### What to do
Leaving the images aside, transcribe all the data below exactly.

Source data
-- Opening Marker --

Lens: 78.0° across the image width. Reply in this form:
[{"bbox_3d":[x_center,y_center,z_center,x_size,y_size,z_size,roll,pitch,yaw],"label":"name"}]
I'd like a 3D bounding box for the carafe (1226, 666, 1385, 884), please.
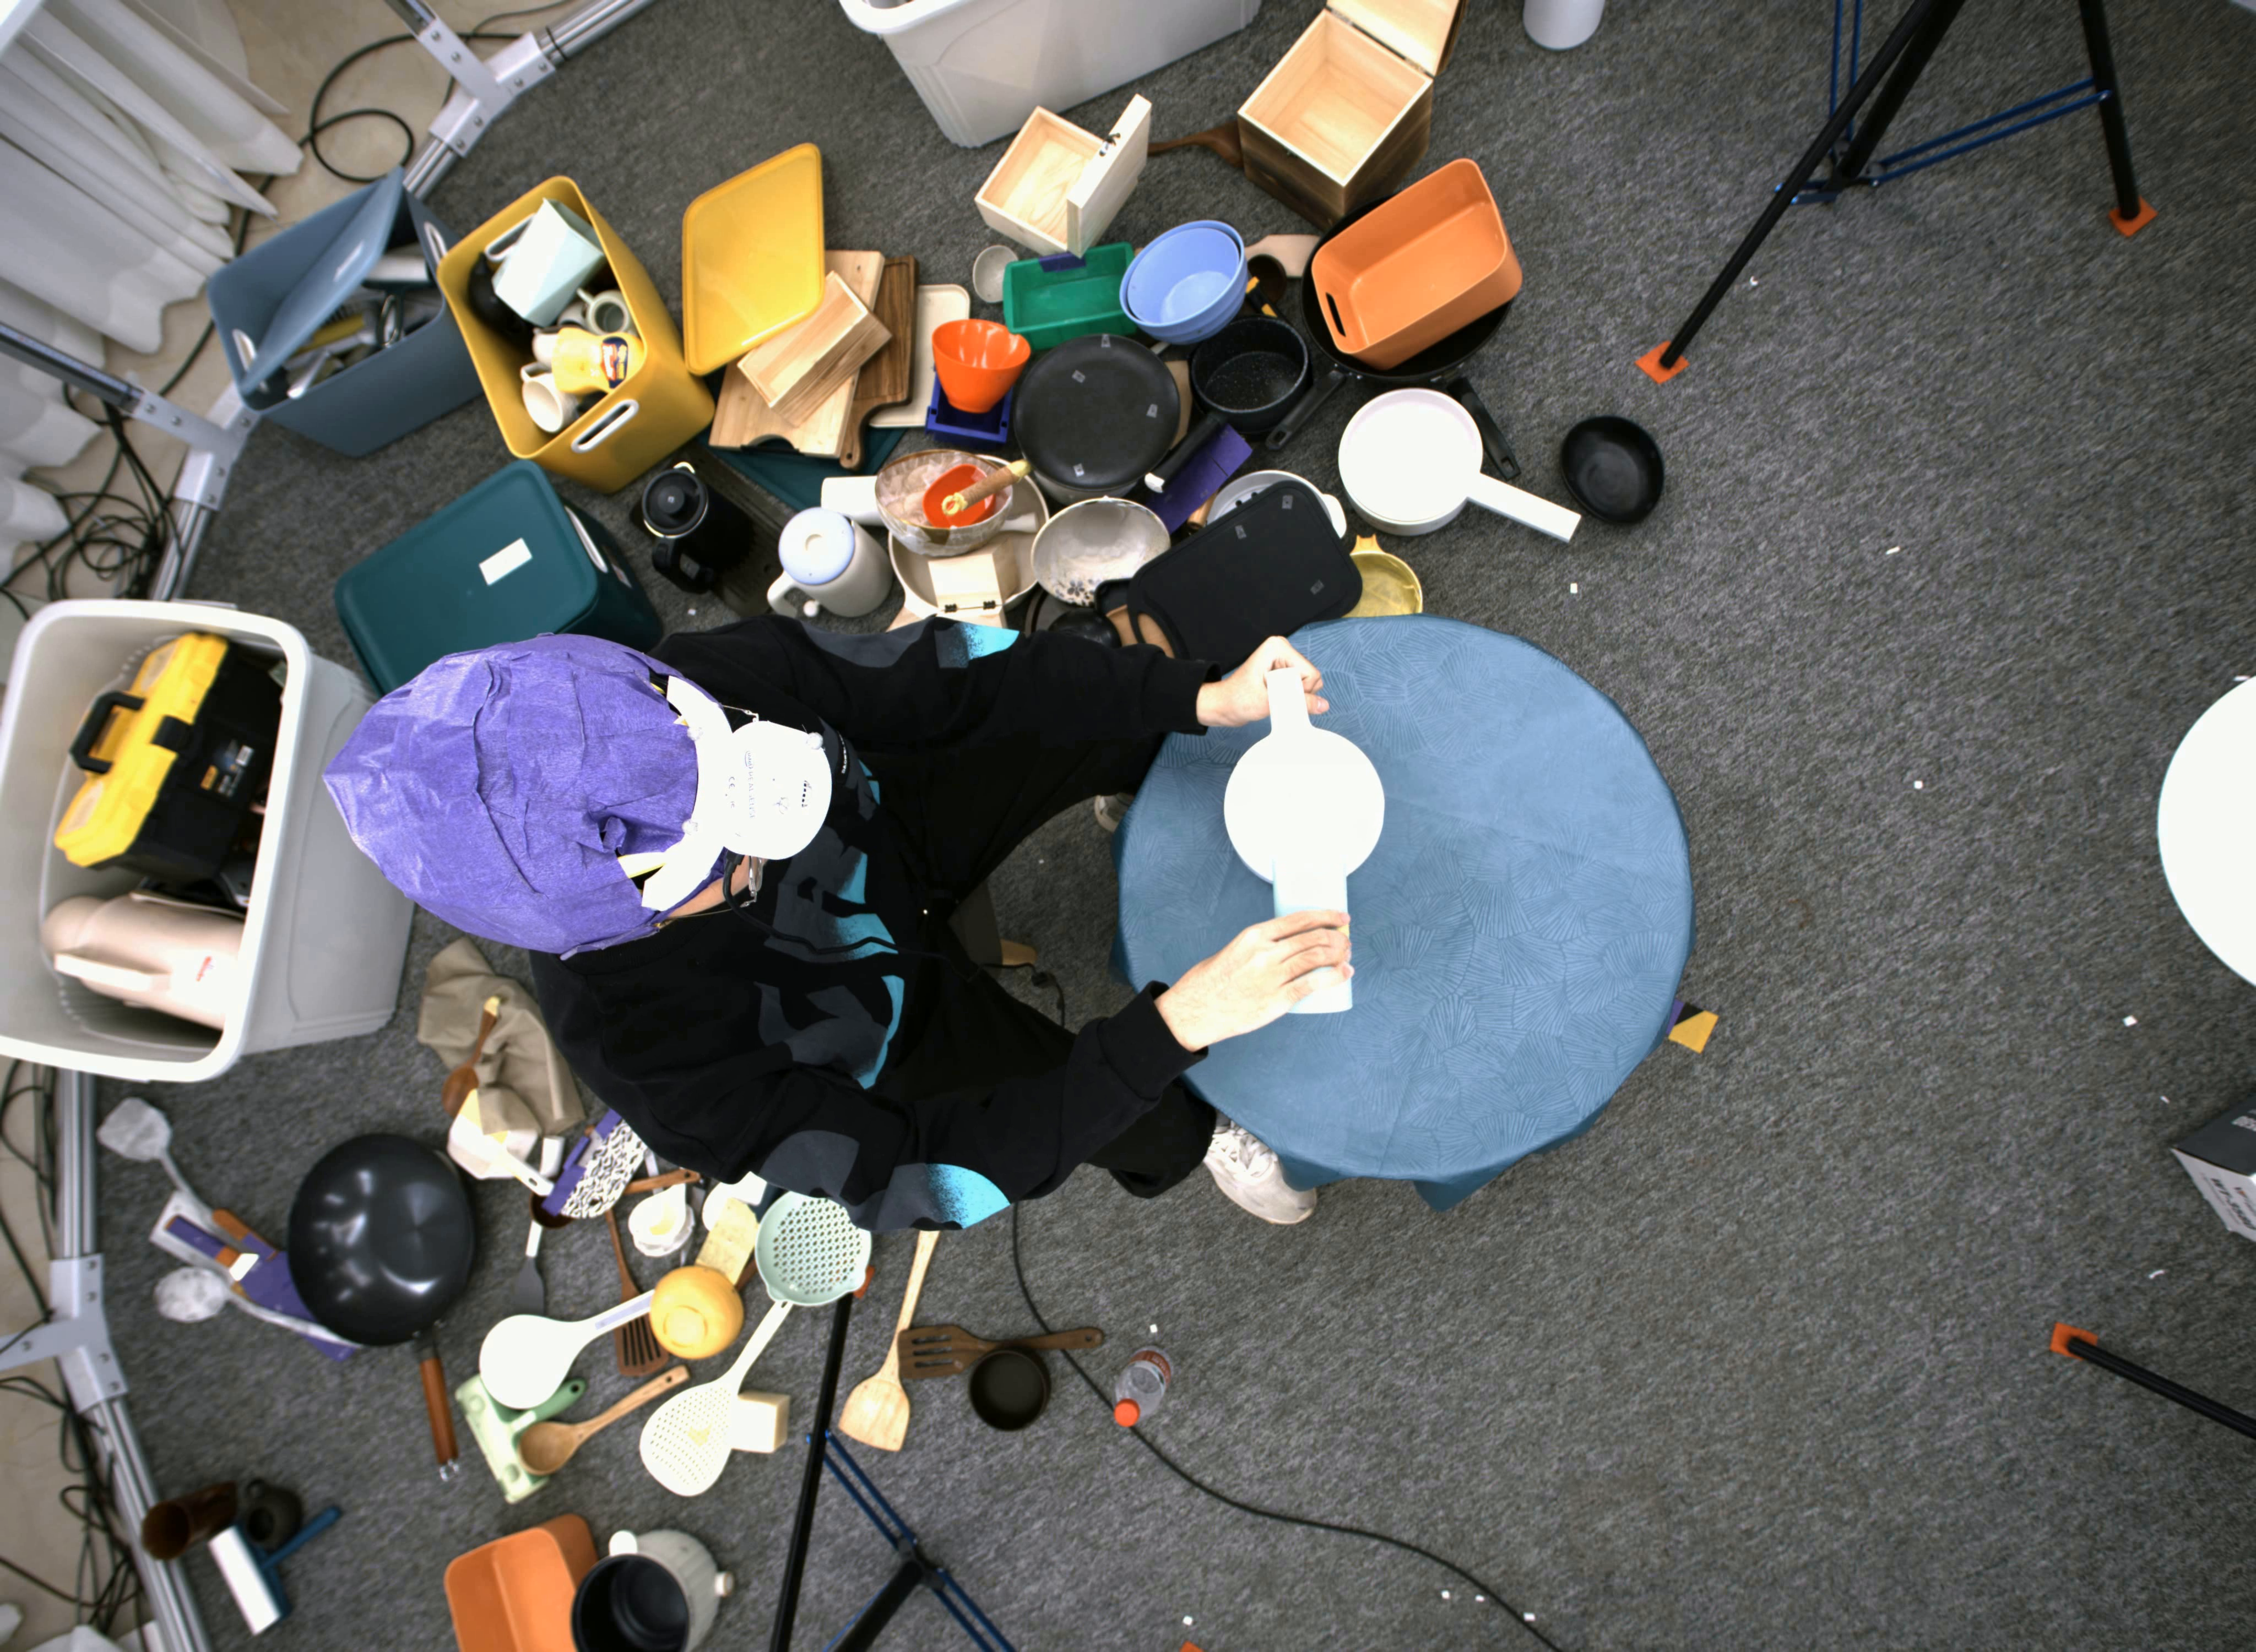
[{"bbox_3d":[0.167,-0.041,1.340,0.152,0.239,0.213,-7,90,5],"label":"carafe"}]

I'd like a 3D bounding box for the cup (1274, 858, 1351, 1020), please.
[{"bbox_3d":[0.155,0.093,1.172,0.067,0.066,0.132,-1,94,10],"label":"cup"}]

-- Closing Marker --

### Answer to the problem
Lens: 78.0° across the image width. Reply in this form:
[{"bbox_3d":[x_center,y_center,z_center,x_size,y_size,z_size,roll,pitch,yaw],"label":"name"}]
I'd like a 3D bounding box for the carafe (1226, 666, 1385, 884), please.
[{"bbox_3d":[0.167,-0.041,1.340,0.152,0.239,0.213,-7,90,5],"label":"carafe"}]

I'd like a 3D bounding box for the cup (1274, 858, 1351, 1020), please.
[{"bbox_3d":[0.155,0.093,1.172,0.067,0.066,0.132,-1,94,10],"label":"cup"}]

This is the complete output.